RECORDS TO USE Start Marker

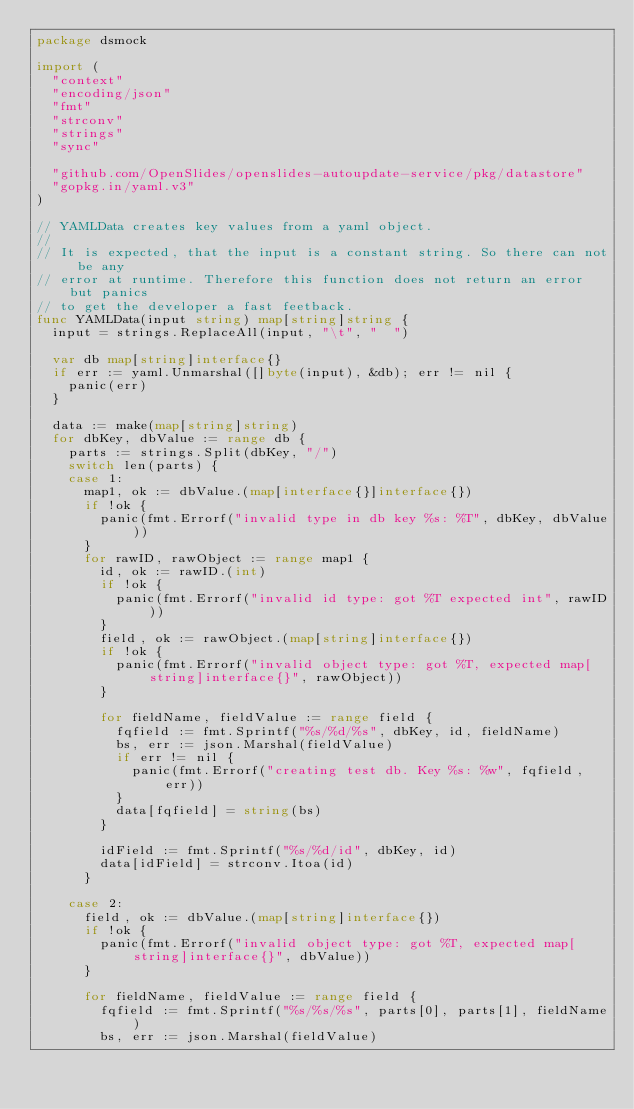<code> <loc_0><loc_0><loc_500><loc_500><_Go_>package dsmock

import (
	"context"
	"encoding/json"
	"fmt"
	"strconv"
	"strings"
	"sync"

	"github.com/OpenSlides/openslides-autoupdate-service/pkg/datastore"
	"gopkg.in/yaml.v3"
)

// YAMLData creates key values from a yaml object.
//
// It is expected, that the input is a constant string. So there can not be any
// error at runtime. Therefore this function does not return an error but panics
// to get the developer a fast feetback.
func YAMLData(input string) map[string]string {
	input = strings.ReplaceAll(input, "\t", "  ")

	var db map[string]interface{}
	if err := yaml.Unmarshal([]byte(input), &db); err != nil {
		panic(err)
	}

	data := make(map[string]string)
	for dbKey, dbValue := range db {
		parts := strings.Split(dbKey, "/")
		switch len(parts) {
		case 1:
			map1, ok := dbValue.(map[interface{}]interface{})
			if !ok {
				panic(fmt.Errorf("invalid type in db key %s: %T", dbKey, dbValue))
			}
			for rawID, rawObject := range map1 {
				id, ok := rawID.(int)
				if !ok {
					panic(fmt.Errorf("invalid id type: got %T expected int", rawID))
				}
				field, ok := rawObject.(map[string]interface{})
				if !ok {
					panic(fmt.Errorf("invalid object type: got %T, expected map[string]interface{}", rawObject))
				}

				for fieldName, fieldValue := range field {
					fqfield := fmt.Sprintf("%s/%d/%s", dbKey, id, fieldName)
					bs, err := json.Marshal(fieldValue)
					if err != nil {
						panic(fmt.Errorf("creating test db. Key %s: %w", fqfield, err))
					}
					data[fqfield] = string(bs)
				}

				idField := fmt.Sprintf("%s/%d/id", dbKey, id)
				data[idField] = strconv.Itoa(id)
			}

		case 2:
			field, ok := dbValue.(map[string]interface{})
			if !ok {
				panic(fmt.Errorf("invalid object type: got %T, expected map[string]interface{}", dbValue))
			}

			for fieldName, fieldValue := range field {
				fqfield := fmt.Sprintf("%s/%s/%s", parts[0], parts[1], fieldName)
				bs, err := json.Marshal(fieldValue)</code>

RECORDS TO USE End Marker

§ **EXERCISE DESCRIPTION**:
The response should consist only of the lines from the one containing "parts[0], parts[1], fieldName)" to the end of the material above, both included.

§ **ANSWER FOR THE TASK**:
				fqfield := fmt.Sprintf("%s/%s/%s", parts[0], parts[1], fieldName)
				bs, err := json.Marshal(fieldValue)</code>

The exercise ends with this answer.